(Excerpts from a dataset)
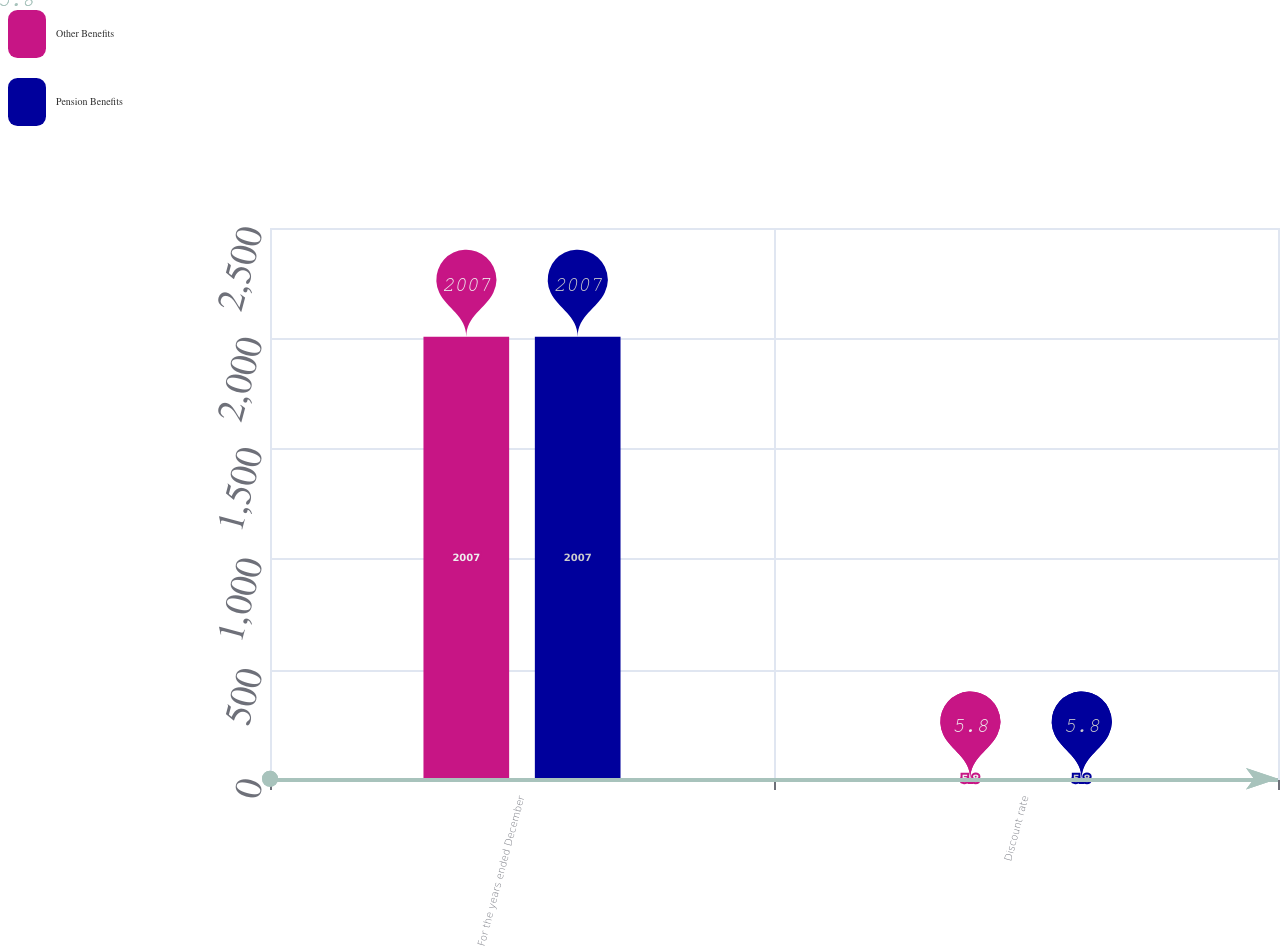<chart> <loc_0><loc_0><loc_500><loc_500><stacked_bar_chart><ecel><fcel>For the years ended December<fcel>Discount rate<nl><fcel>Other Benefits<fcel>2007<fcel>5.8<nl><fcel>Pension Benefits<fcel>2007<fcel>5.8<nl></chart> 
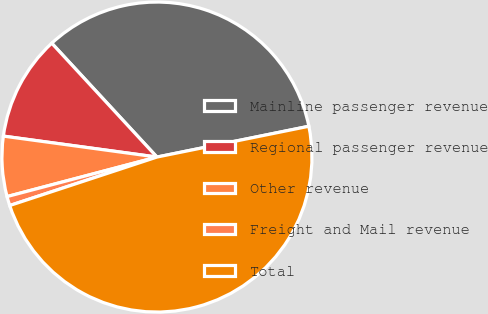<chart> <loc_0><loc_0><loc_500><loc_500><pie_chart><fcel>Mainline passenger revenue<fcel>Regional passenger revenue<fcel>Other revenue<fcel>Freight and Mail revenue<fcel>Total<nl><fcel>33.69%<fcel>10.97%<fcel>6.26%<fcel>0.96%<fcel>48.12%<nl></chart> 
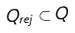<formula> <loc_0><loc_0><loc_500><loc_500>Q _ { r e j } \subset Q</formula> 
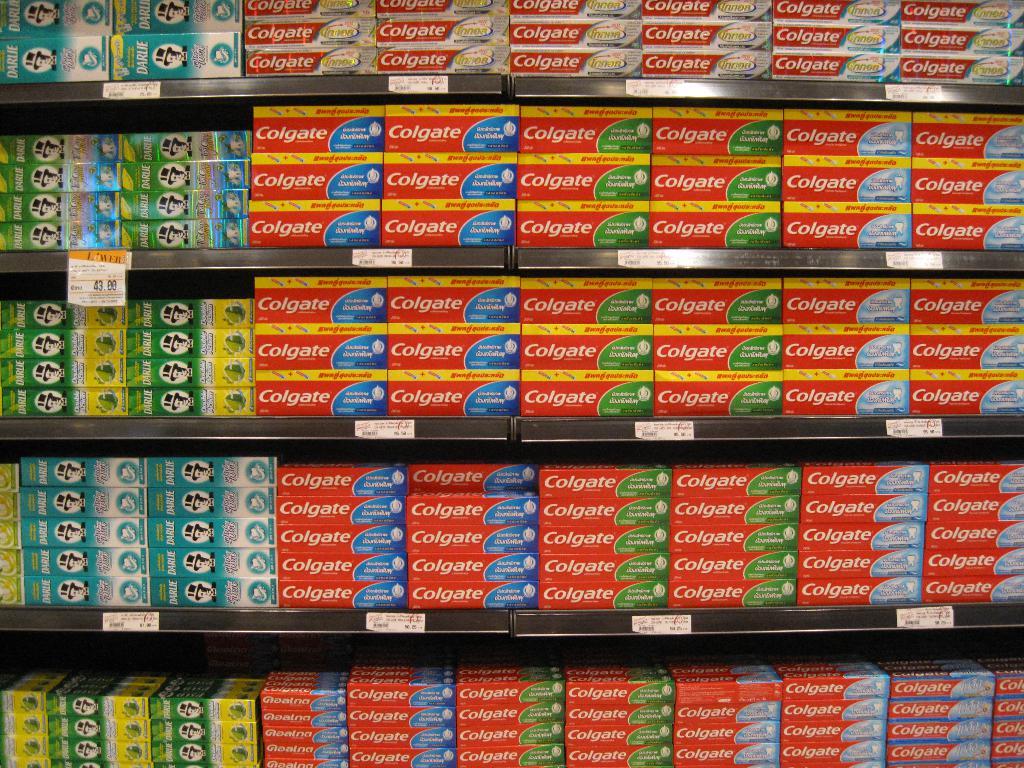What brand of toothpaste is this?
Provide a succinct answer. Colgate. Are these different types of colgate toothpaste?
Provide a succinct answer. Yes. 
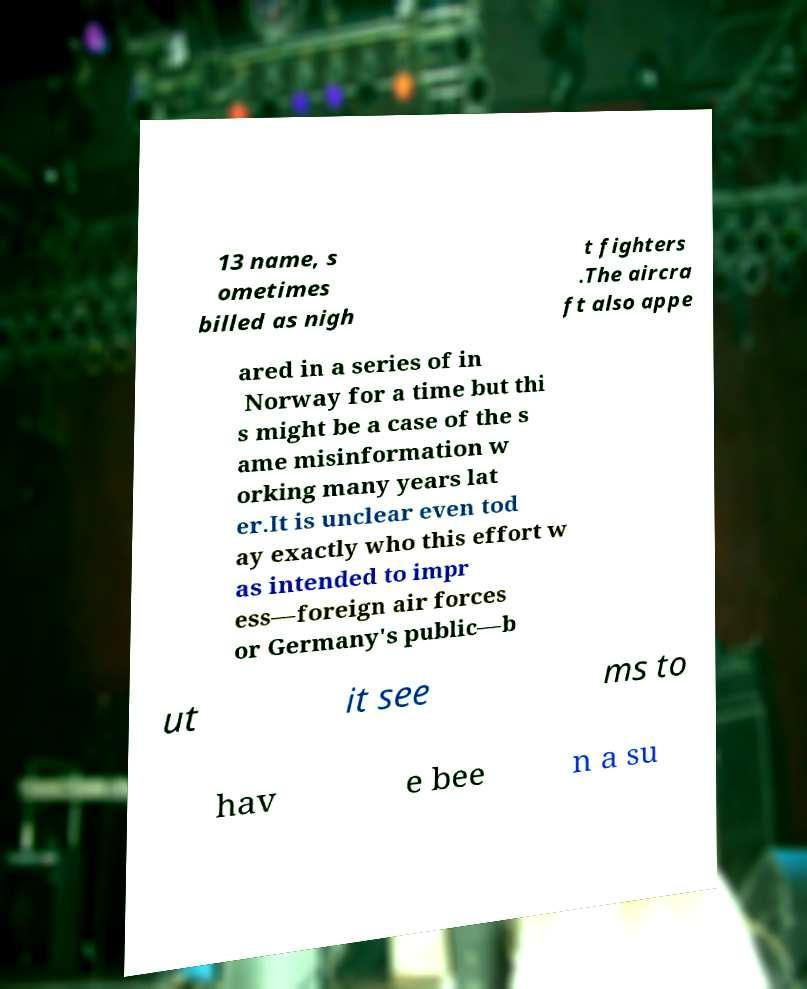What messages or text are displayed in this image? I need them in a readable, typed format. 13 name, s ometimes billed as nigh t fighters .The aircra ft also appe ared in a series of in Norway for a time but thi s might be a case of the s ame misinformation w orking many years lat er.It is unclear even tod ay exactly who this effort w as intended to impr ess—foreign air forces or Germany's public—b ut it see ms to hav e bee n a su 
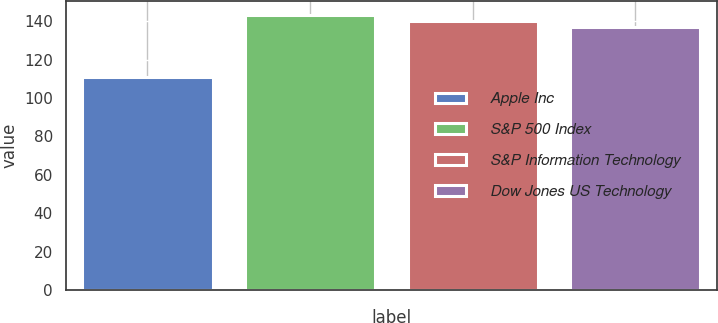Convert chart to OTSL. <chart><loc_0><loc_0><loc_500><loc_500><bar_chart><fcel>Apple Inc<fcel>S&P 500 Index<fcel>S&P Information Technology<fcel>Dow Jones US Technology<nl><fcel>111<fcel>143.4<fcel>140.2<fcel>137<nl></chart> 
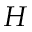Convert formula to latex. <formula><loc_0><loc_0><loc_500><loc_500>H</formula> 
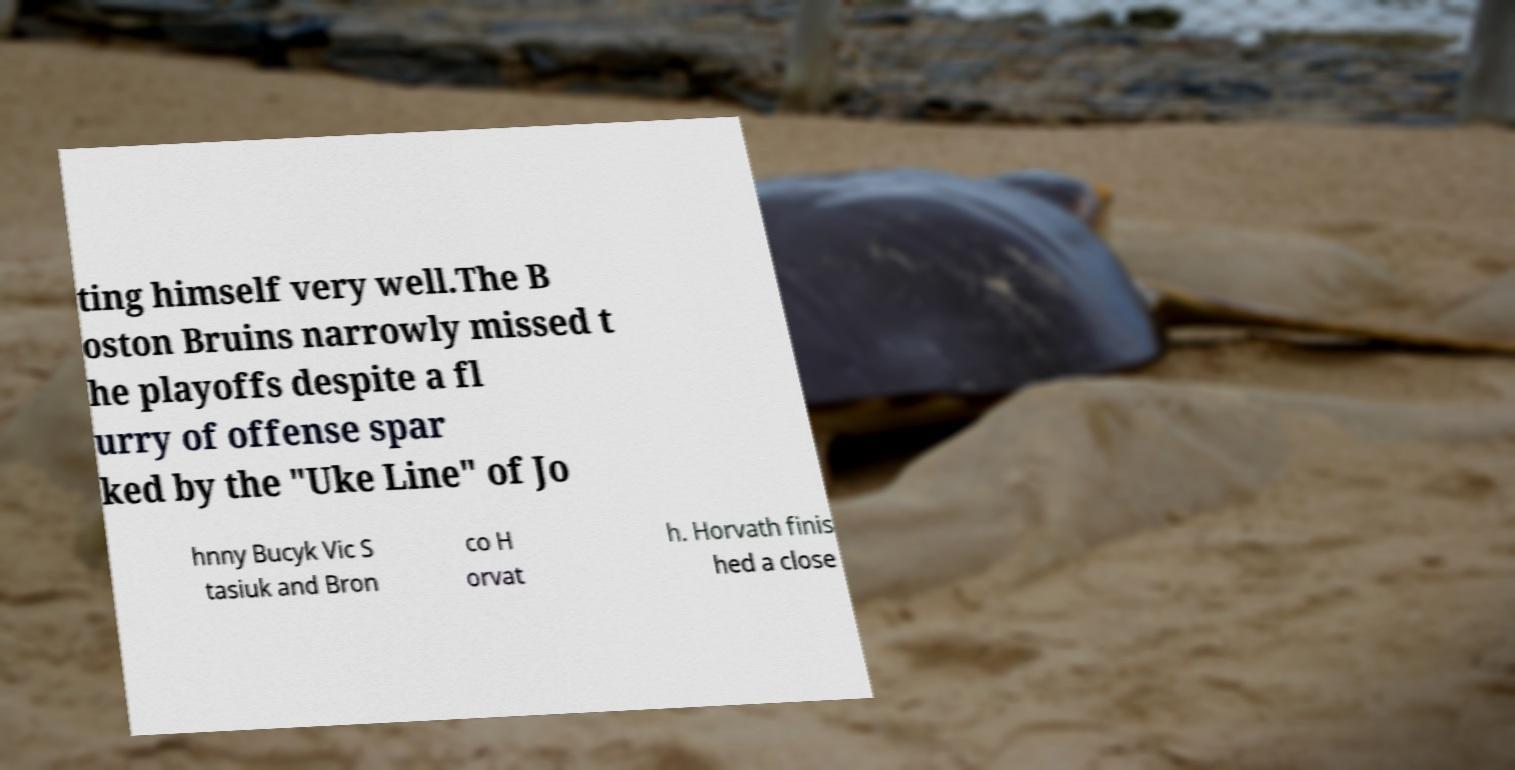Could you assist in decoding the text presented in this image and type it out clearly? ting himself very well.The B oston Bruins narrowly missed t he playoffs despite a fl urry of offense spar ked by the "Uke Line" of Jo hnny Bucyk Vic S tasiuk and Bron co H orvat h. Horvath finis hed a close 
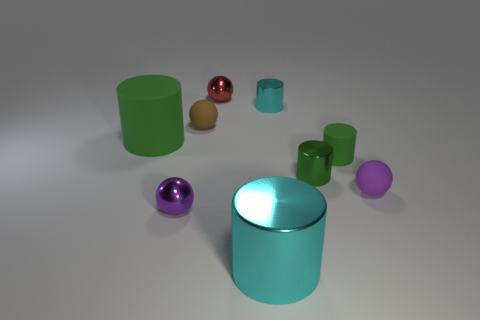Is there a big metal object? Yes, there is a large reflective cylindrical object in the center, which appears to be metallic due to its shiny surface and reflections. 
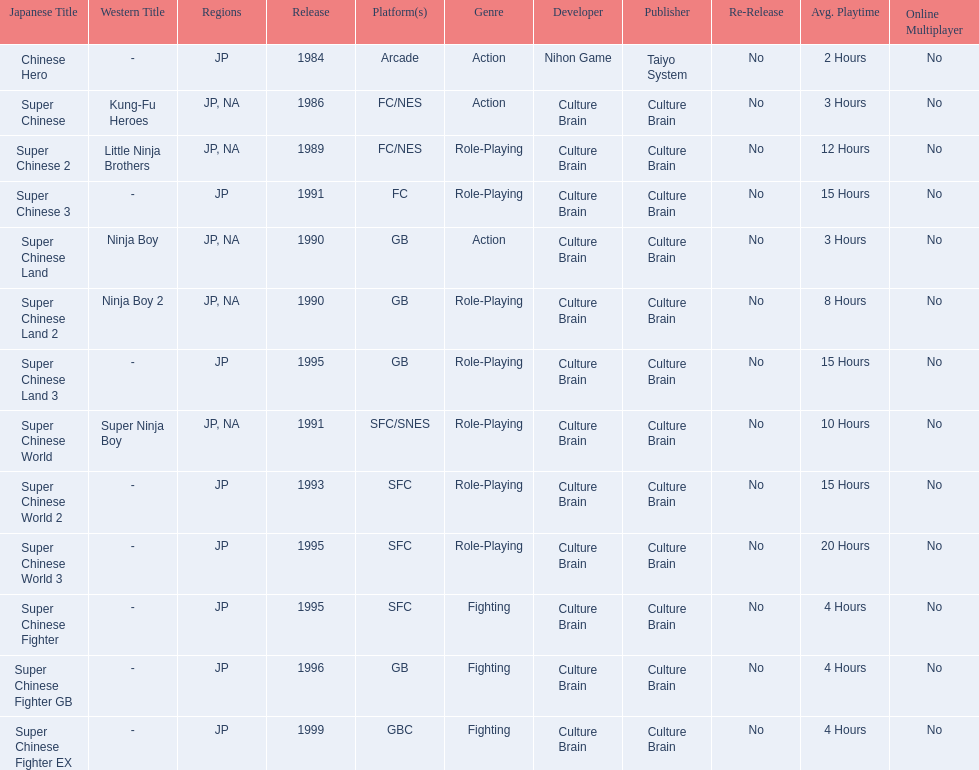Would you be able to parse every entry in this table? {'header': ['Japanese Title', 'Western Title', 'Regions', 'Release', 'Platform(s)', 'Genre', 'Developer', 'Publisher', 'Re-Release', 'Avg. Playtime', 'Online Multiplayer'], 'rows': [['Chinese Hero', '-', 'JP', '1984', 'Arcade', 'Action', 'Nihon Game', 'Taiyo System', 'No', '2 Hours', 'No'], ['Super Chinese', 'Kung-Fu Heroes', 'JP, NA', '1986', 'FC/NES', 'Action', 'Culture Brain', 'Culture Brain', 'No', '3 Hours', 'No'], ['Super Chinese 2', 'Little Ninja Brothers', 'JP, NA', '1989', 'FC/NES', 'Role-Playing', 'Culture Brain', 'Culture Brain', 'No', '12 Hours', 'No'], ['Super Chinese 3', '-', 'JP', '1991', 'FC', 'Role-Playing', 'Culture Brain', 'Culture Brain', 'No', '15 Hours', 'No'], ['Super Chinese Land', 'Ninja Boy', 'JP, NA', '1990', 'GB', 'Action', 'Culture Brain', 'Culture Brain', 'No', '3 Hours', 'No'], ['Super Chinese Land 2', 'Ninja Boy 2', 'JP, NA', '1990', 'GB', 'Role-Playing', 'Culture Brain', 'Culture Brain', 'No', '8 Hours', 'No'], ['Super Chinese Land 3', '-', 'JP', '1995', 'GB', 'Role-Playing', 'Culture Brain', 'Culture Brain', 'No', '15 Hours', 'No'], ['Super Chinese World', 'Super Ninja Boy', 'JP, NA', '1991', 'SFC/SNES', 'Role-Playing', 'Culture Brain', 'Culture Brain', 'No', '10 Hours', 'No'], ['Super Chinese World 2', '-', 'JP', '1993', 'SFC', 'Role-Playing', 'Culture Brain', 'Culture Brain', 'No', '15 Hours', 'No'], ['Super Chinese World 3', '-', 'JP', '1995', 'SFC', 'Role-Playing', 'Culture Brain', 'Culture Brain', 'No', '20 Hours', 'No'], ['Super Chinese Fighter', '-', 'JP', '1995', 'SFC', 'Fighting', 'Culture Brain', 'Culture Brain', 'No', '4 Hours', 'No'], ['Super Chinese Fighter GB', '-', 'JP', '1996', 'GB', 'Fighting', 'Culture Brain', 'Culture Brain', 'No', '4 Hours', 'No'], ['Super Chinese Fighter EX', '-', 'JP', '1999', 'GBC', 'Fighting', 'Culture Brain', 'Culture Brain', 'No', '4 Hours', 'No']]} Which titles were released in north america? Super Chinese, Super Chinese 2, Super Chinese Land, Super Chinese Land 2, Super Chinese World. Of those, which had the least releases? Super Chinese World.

Brief: Would you copy out, exactly and with no pictures, only the lines above from the one that contains "What messages or" through the one that contains "Convert formula to"?

Response area:
What messages or text are displayed in this image? I need them in a readable, typed format. 13 name, s ometimes billed as nigh t fighters .The aircra ft also appe ared in a series of in Norway for a time but thi s might be a case of the s ame misinformation w orking many years lat er.It is unclear even tod ay exactly who this effort w as intended to impr ess—foreign air forces or Germany's public—b ut it see ms to hav e bee n a su 
Convert chart to OTSL. <chart><loc_0><loc_0><loc_500><loc_500><bar_chart><fcel>Apple Inc<fcel>S&P 500 Index<fcel>S&P Information Technology<fcel>Dow Jones US Technology<nl><fcel>111<fcel>143.4<fcel>140.2<fcel>137<nl></chart> 
Convert formula to latex. <formula><loc_0><loc_0><loc_500><loc_500>H</formula> 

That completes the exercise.